Rosa frequentemente era interrompida em mesas de bares. Ela dizia algo e logo lhe interpelavam, como se o que viesse a dizer fosse insignificante para a discussão posta em mesa. Rosa sentia raiva, quase que por impulso seria capaz de puxar a toalha de mesa e mandar para o brejo todas aquelas palavras de homens medrosos.
Rosa achava estranho ter peitos fartos para um corpo tão miúdo, achava estranho se diferenciar de tantas outras e outros por ter verdades a dizer, quando a superficialidade cabia melhor àquela cultura provinciana que, inevitavelmente fazia parte. Mas a verdade lhe era um vício, um bem maior que lhe determinava a proferir frases em desordem.
Tanta gente lhe julgava... Dizia toda esta gente que suas pétalas não eram assim tão brilhantes, que eram cheias de fragilidade, que o vermelho escarlate que acentuava seus lábios carnudos lhe fazia imediatamente de fácil acesso.
Cresceu de tal modo, sentindo-se culpada pela sua imensidão física e mental, que não obstante destoava deste mundo patriarcal, habitado majoritariamente por homens covardes, que cobiçavam apenas possuir a imensidão de Rosa numa cama qualquer.
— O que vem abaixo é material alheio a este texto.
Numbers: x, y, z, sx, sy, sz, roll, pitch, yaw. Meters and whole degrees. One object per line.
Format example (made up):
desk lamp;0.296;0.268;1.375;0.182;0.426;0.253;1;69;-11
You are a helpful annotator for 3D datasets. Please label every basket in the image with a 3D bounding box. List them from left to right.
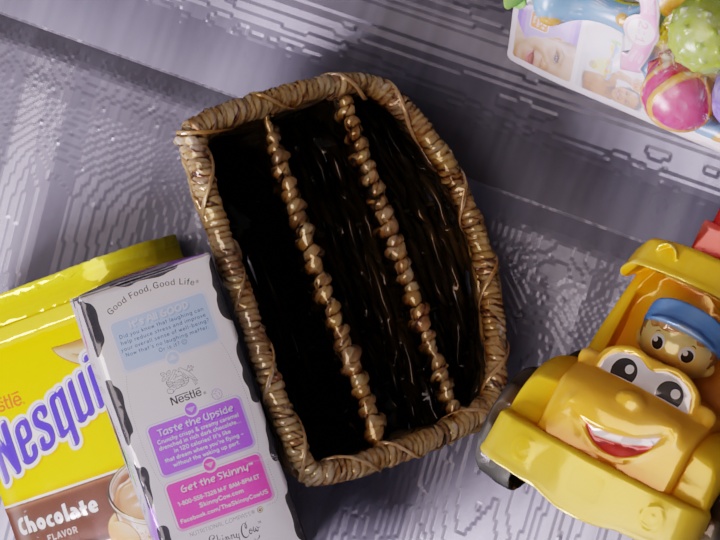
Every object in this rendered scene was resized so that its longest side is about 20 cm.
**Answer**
basket;0.000;0.000;1.488;0.142;0.149;0.201;-18;87;-3

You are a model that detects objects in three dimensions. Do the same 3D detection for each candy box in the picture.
candy box;-0.082;0.096;1.477;0.071;0.168;0.201;-19;92;-7

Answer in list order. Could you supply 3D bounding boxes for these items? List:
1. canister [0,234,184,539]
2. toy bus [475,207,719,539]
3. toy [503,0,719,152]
canister;-0.138;0.098;1.616;0.148;0.087;0.201;-20;89;23
toy bus;0.165;0.044;1.420;0.135;0.200;0.193;29;99;18
toy;0.156;-0.103;1.404;0.200;0.047;0.115;27;135;21
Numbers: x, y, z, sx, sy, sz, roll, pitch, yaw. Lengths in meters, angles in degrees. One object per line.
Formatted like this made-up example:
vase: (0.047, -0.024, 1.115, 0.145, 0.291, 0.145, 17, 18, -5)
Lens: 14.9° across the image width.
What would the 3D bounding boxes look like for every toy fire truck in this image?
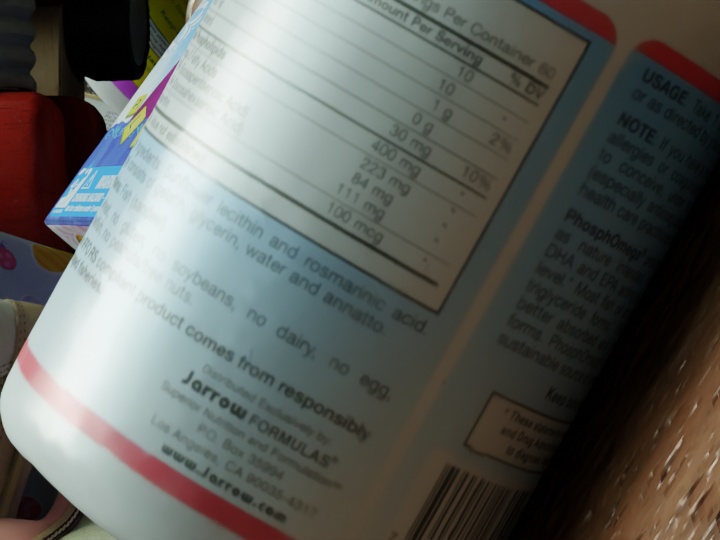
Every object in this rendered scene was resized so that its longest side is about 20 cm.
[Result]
toy fire truck: (-0.119, -0.089, 0.939, 0.200, 0.128, 0.178, 24, -113, -83)

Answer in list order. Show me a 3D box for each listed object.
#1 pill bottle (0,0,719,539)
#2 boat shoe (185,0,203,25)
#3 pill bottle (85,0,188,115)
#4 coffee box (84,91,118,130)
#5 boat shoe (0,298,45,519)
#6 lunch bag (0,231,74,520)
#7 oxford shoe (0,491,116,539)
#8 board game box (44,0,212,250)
pill bottle: (0.016, -0.030, 0.570, 0.201, 0.108, 0.109, -60, 9, 3)
boat shoe: (0.009, -0.134, 0.918, 0.067, 0.072, 0.200, 14, 58, 50)
pill bottle: (-0.023, -0.132, 1.052, 0.200, 0.104, 0.105, -31, 29, 45)
coffee box: (-0.130, 0.028, 1.104, 0.200, 0.079, 0.115, -61, -19, -51)
boat shoe: (-0.130, 0.103, 0.808, 0.071, 0.064, 0.201, 45, 125, 55)
lunch bag: (-0.194, 0.071, 0.900, 0.200, 0.169, 0.128, -43, 41, 32)
oxford shoe: (-0.056, 0.088, 0.801, 0.200, 0.073, 0.071, -48, -36, -62)
board game box: (0.010, -0.080, 0.766, 0.200, 0.041, 0.200, -55, 20, -13)
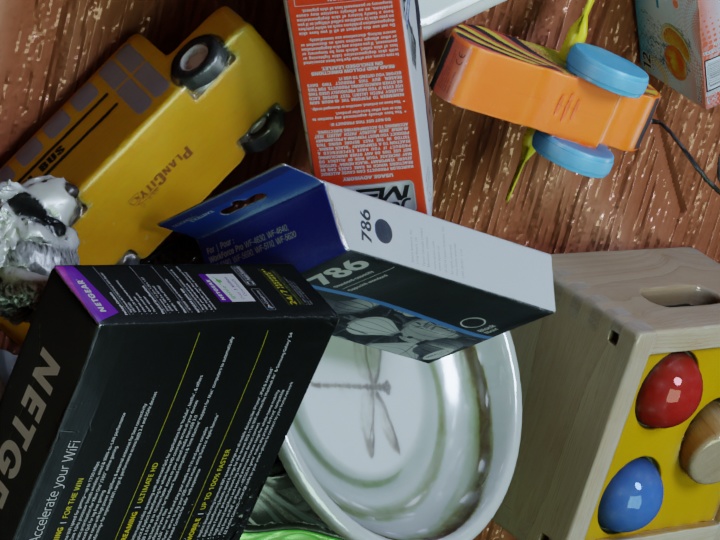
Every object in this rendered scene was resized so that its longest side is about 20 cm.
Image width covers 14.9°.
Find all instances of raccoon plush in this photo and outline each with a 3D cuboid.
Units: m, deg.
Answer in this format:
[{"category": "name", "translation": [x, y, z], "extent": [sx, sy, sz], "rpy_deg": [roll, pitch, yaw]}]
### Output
[{"category": "raccoon plush", "translation": [-0.226, 0.008, 1.346], "extent": [0.200, 0.134, 0.097], "rpy_deg": [-38, 169, 16]}]

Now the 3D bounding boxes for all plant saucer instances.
[{"category": "plant saucer", "translation": [0.006, 0.063, 1.521], "extent": [0.199, 0.050, 0.202], "rpy_deg": [16, 67, -42]}]

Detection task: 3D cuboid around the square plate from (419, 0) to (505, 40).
[{"category": "square plate", "translation": [0.056, -0.218, 1.476], "extent": [0.199, 0.028, 0.199], "rpy_deg": [-27, 128, -18]}]

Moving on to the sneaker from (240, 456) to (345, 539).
[{"category": "sneaker", "translation": [-0.018, 0.113, 1.557], "extent": [0.199, 0.077, 0.084], "rpy_deg": [2, 114, -38]}]

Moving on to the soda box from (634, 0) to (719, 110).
[{"category": "soda box", "translation": [0.193, -0.196, 1.553], "extent": [0.063, 0.068, 0.201], "rpy_deg": [-25, 128, -21]}]

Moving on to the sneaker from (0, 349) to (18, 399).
[{"category": "sneaker", "translation": [-0.203, 0.083, 1.463], "extent": [0.081, 0.075, 0.200], "rpy_deg": [-28, 139, 15]}]

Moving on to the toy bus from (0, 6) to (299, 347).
[{"category": "toy bus", "translation": [-0.126, -0.051, 1.419], "extent": [0.200, 0.078, 0.065], "rpy_deg": [-46, 131, -2]}]

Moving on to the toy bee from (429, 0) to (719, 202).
[{"category": "toy bee", "translation": [0.123, -0.090, 1.556], "extent": [0.200, 0.109, 0.131], "rpy_deg": [40, 98, -23]}]

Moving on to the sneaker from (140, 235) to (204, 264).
[{"category": "sneaker", "translation": [-0.103, 0.056, 1.476], "extent": [0.200, 0.072, 0.085], "rpy_deg": [-50, 136, -31]}]

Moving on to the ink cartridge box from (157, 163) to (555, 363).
[{"category": "ink cartridge box", "translation": [0.000, 0.000, 1.425], "extent": [0.199, 0.039, 0.099], "rpy_deg": [18, 151, -41]}]

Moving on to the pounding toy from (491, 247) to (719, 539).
[{"category": "pounding toy", "translation": [0.193, 0.075, 1.653], "extent": [0.199, 0.142, 0.185], "rpy_deg": [-3, 119, -43]}]

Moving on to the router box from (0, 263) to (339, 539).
[{"category": "router box", "translation": [-0.112, 0.091, 1.349], "extent": [0.149, 0.051, 0.201], "rpy_deg": [0, 125, -42]}]

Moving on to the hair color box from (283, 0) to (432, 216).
[{"category": "hair color box", "translation": [-0.002, -0.132, 1.410], "extent": [0.063, 0.111, 0.201], "rpy_deg": [-4, 127, 4]}]

Os pensamentos de Rosa se faziam atraentes da primeira taça de vinho à segunda, da terceira em diante o que se era atrativo estava escondido sobre vestes não muito decorosas e cheias de fantasia. Mas Rosa era muito mais e tinha consciência disto.
Rosa ansiava usar roupas largas e que pouco denunciassem o que estava sobreposto à elas. Rosa queria engolir o próprio talo e deixar com que os outros engolissem de boa fé as raízes de seus pensamentos. Ela percebia a cada dia que se tornava mulher, posto que não se era mulher desde o primeiro suspiro, como lhe definiu Simone de Beauvoir no Segundo Sexo.
Ela se via cada vez mais pronta a escutar outras mulheres e a não prosseguir na busca insaciável de encontrar outros sexos que lhe dessem voz. Atentava-se cada vez mais para com os ecos das vozes de mulheres que eram agredidas em casas pequeninas e também em casas gloriosas. Vozes estas que lhe assustavam no calar da noite, fazendo-lhe criar um espaço mental para as preces sofridas de tantas Madalenas.
Percebeu que sua voz tinha um papel importantíssimo na revolução do agora, ela não podia mais se calar, apesar das vozes masculinas tentarem “educadamente” lhe pedir a vez. A vez era sua!
Cansou-se do cavalheirismo abstrato, dos diálogos com objetivos profanos. Cansou-se de se deixar moldar, o seu molde era agora o que sonhava a partir de si mesma, de sua evolução feminina e eterna.